Dual Citizenship and Elective Office (Iraq Edition)

by Peter Spiro

Iraqis are wondering if their legislators should be permitted to hold dual citizenship (see here).  Current law permits multiple nationality but not among those holding “senior positions” in the government.  Some want to clarify the bar to include parliamentarians.  There’s apparently some concern that dual citizenship gives corrupt officials an escape hatch, as in, they have someplace to flee when the prosecutors come knocking.

But that would seem more an issue for extradition regimes than about dual citizenship.  The issue is being debated elsewhere, mostly in countries with longstanding prohibitions on office-holding by dual nationals, often pursuant to express constitutional provisions (among them Australia, Jamaica, Bangladesh, Malawi, Nigeria, and Latvia, as well as in Hong Kong).

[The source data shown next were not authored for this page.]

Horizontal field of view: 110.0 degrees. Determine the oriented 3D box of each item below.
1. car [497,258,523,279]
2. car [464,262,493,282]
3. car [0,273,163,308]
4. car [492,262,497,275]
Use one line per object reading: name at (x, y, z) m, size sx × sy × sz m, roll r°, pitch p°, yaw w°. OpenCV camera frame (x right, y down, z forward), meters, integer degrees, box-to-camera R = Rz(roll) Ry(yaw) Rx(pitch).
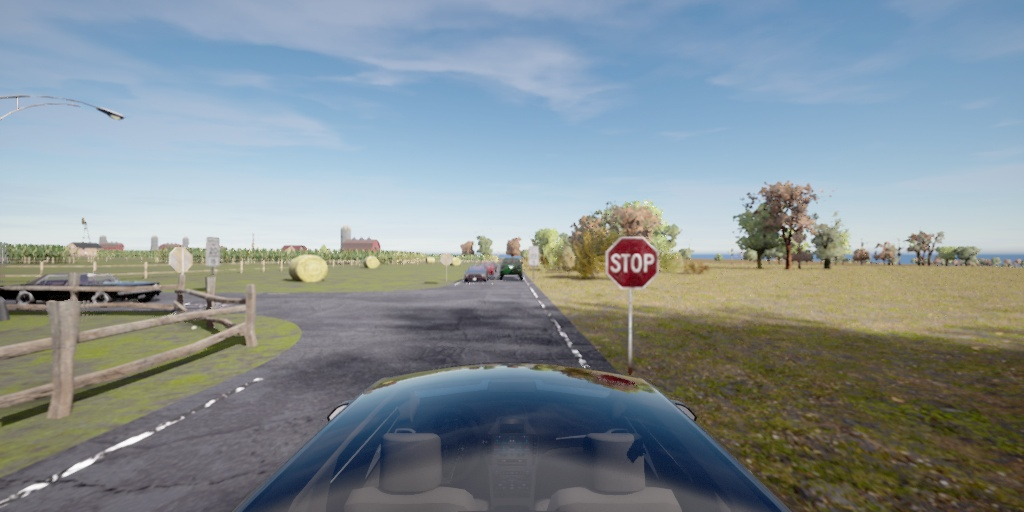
car at (-0.082, 1.200, 36.035) m, size 2.150 × 2.045 × 5.566 m, roll 0°, pitch 0°, yaw 0°
car at (-3.004, 1.494, 31.316) m, size 2.033 × 1.411 × 5.357 m, roll 0°, pitch 0°, yaw 0°
car at (-17.415, 1.342, 14.701) m, size 4.718 × 1.301 × 1.895 m, roll 0°, pitch 0°, yaw -1°
car at (-3.055, 1.502, 42.267) m, size 1.882 × 1.535 × 5.008 m, roll 0°, pitch 0°, yaw 0°
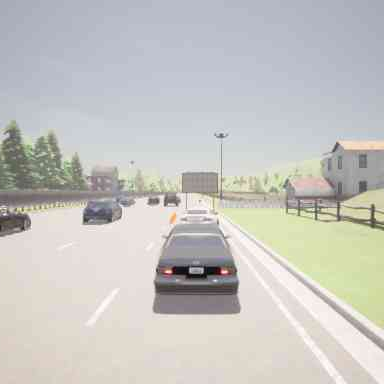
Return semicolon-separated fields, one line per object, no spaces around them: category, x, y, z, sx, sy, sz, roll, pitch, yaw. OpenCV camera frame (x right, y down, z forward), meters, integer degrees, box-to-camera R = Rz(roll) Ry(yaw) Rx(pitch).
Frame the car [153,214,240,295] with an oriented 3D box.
car;0.112;1.547;8.852;2.033;1.411;5.357;0;0;1

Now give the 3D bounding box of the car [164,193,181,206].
car;-3.316;1.221;53.390;2.150;2.045;5.566;0;0;0

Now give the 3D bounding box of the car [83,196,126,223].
car;-6.859;1.353;25.940;2.097;1.767;4.553;0;0;0

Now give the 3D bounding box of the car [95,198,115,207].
car;-13.817;1.600;52.923;1.895;1.301;4.718;0;0;0

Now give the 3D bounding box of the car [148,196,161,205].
car;-6.805;1.477;60.372;1.882;1.535;5.008;0;0;0

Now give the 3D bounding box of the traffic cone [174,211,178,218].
traffic cone;-1.448;1.955;25.209;0.340;0.580;0.340;0;0;0

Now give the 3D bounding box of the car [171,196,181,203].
car;-3.292;1.563;68.605;1.994;1.385;4.181;0;0;0

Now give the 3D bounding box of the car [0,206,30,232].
car;-10.373;1.490;17.547;2.128;1.511;4.902;0;0;0

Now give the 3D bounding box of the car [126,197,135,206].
car;-10.316;1.547;53.045;2.033;1.411;5.357;0;0;0

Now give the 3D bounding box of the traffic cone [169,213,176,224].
traffic cone;-1.451;1.955;23.209;0.340;0.580;0.340;0;0;0

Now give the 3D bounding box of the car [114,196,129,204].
car;-13.798;1.504;65.161;1.837;1.490;4.892;0;0;0

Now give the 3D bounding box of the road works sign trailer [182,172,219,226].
road works sign trailer;0.524;0.464;22.080;2.380;3.560;2.880;0;0;-3

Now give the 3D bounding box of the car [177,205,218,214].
car;0.436;1.541;18.467;1.812;1.442;4.674;-1;-1;7
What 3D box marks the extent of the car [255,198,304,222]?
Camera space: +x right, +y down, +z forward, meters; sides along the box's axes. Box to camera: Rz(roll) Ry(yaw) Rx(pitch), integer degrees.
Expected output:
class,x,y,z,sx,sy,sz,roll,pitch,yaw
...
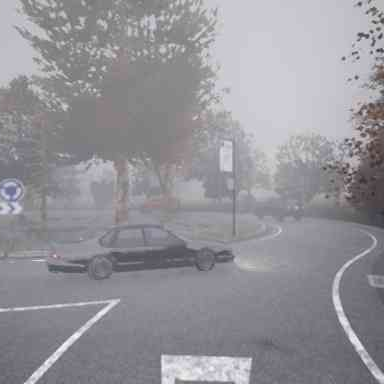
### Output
class,x,y,z,sx,sy,sz,roll,pitch,yaw
car,7.967,1.562,30.686,2.150,2.045,5.566,0,-1,-18

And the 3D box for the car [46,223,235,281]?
class,x,y,z,sx,sy,sz,roll,pitch,yaw
car,-1.449,1.656,9.987,5.357,1.411,2.033,0,-1,-20

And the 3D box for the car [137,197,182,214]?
class,x,y,z,sx,sy,sz,roll,pitch,yaw
car,-4.009,1.682,41.442,5.566,2.045,2.150,0,-1,13
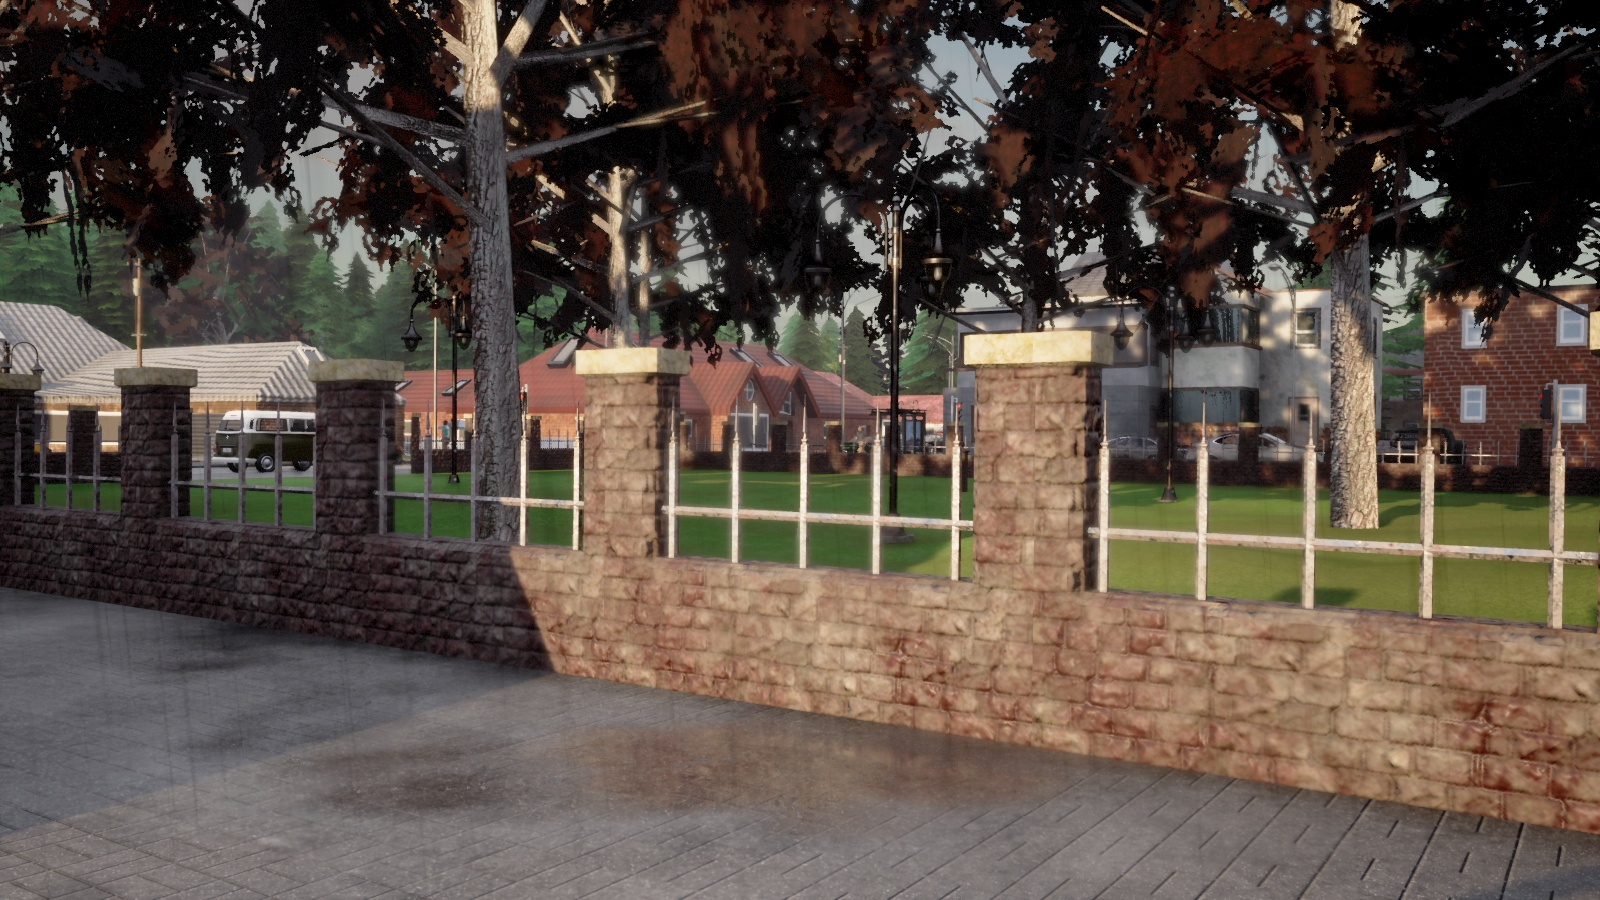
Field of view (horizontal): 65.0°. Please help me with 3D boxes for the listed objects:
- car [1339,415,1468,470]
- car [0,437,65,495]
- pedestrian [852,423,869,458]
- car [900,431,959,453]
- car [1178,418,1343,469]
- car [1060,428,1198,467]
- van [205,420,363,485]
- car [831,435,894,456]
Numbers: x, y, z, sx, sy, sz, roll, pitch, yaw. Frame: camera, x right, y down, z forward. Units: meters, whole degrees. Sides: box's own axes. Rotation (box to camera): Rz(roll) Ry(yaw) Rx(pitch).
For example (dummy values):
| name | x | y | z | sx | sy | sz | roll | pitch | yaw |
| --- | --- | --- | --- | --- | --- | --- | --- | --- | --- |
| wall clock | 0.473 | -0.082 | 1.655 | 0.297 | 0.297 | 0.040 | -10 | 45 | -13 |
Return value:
| name | x | y | z | sx | sy | sz | roll | pitch | yaw |
| --- | --- | --- | --- | --- | --- | --- | --- | --- | --- |
| car | 21.325 | -0.273 | 44.418 | 3.866 | 1.878 | 1.905 | 0 | 1 | 34 |
| car | -22.672 | 0.457 | 33.476 | 1.882 | 1.535 | 5.008 | 0 | 1 | 32 |
| pedestrian | 3.282 | -0.519 | 68.107 | 0.694 | 1.848 | 0.540 | -1 | 1 | -41 |
| car | 9.185 | -0.564 | 88.792 | 2.163 | 1.488 | 4.792 | 0 | 1 | 34 |
| car | 15.818 | -0.223 | 43.176 | 5.027 | 1.651 | 2.152 | 0 | 1 | 31 |
| car | 13.053 | -0.112 | 49.923 | 4.902 | 1.511 | 2.128 | 0 | 1 | 34 |
| van | -17.129 | 0.038 | 41.871 | 2.069 | 2.038 | 4.480 | 0 | 1 | 32 |
| car | 4.089 | -0.313 | 81.110 | 1.895 | 1.301 | 4.718 | 0 | 1 | 34 |
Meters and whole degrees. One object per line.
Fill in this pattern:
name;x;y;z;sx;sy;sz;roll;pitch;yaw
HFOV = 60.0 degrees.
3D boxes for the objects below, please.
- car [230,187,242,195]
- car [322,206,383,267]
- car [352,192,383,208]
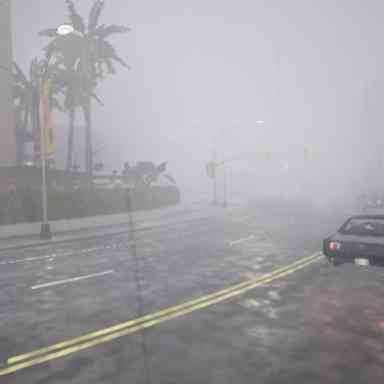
car;10.580;-0.105;77.809;2.097;1.535;5.008;-1;1;6
car;5.465;1.300;9.579;1.895;1.301;4.718;-1;1;40
car;14.173;0.733;26.465;2.033;1.411;5.357;-1;1;15
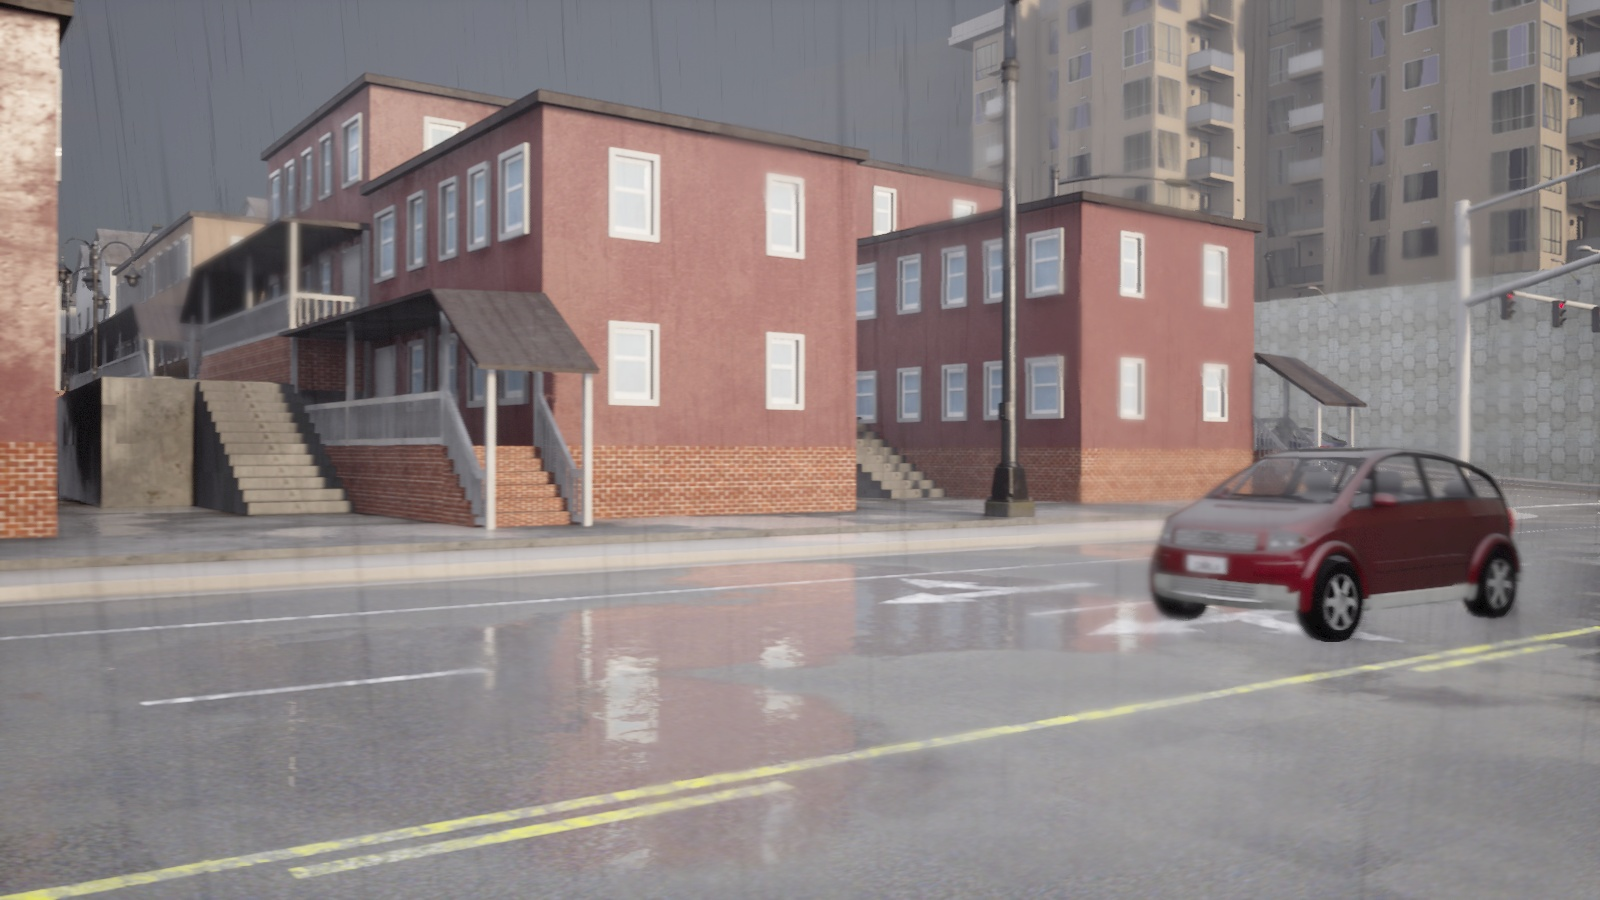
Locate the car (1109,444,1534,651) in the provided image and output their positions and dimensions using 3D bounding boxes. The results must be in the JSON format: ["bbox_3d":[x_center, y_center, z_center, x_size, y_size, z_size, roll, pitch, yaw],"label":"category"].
[{"bbox_3d":[4.717,0.738,11.220,3.705,1.549,1.789,0,0,-35],"label":"car"}]

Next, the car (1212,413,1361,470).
[{"bbox_3d":[19.190,-0.373,49.770,2.152,1.651,5.027,0,7,-35],"label":"car"}]
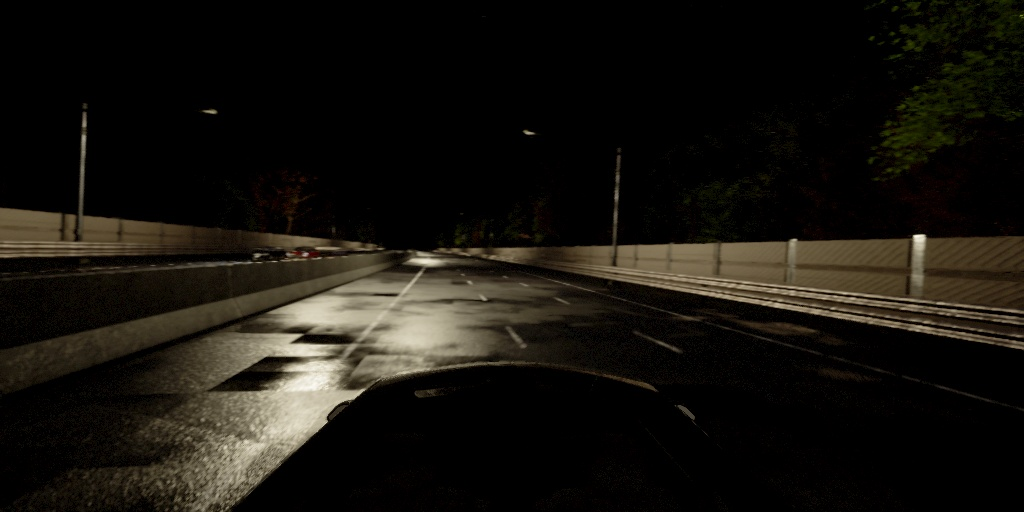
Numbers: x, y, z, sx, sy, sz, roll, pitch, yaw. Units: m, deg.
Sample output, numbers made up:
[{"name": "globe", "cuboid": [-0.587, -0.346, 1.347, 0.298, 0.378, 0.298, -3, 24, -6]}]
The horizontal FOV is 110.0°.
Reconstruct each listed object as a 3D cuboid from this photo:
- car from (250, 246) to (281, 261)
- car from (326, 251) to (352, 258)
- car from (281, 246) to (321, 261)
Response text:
[{"name": "car", "cuboid": [-25.253, -0.250, 37.291, 2.128, 1.511, 4.902, 3, 1, -11]}, {"name": "car", "cuboid": [-18.296, 0.157, 38.131, 1.994, 1.385, 4.181, 3, 0, -11]}, {"name": "car", "cuboid": [-21.710, -0.216, 37.426, 2.097, 1.767, 4.553, 3, 0, -11]}]
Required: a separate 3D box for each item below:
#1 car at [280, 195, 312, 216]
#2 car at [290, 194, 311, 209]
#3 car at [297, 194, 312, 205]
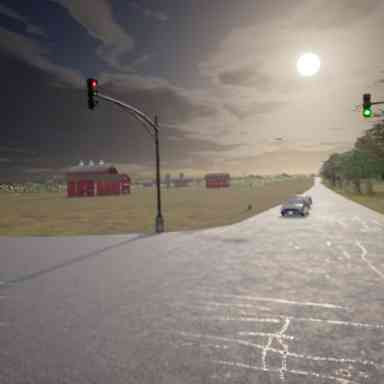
[{"bbox_3d":[9.090,1.269,29.160,2.033,1.411,5.357,-1,0,26],"label":"car"},{"bbox_3d":[12.669,1.092,38.635,2.128,1.511,4.902,-1,0,21],"label":"car"},{"bbox_3d":[16.330,1.062,48.169,1.895,1.301,4.718,-1,1,21],"label":"car"}]

In contrast to Iraq, several of these regimes are coming under attack from the opposite direction, with mounting pressure to eliminate ineligibility (see examples here, here, and here). The problem is that repealing the restrictions will typically look like a loser issue from the sitting legislator’s perspective.  As one Jamaican editorial put it, “Any overhaul, on the face of it, will require not only legislative action, but approval by the people in a referendum. But a governing party, especially one with a slim majority, is likely to consider a plebiscite politically risky.”

On the merits, ineligibility is starting to look pretty silly.  Let voters decide if they trust a dual citizen with legislative authorities.  Why deprive them of a choice?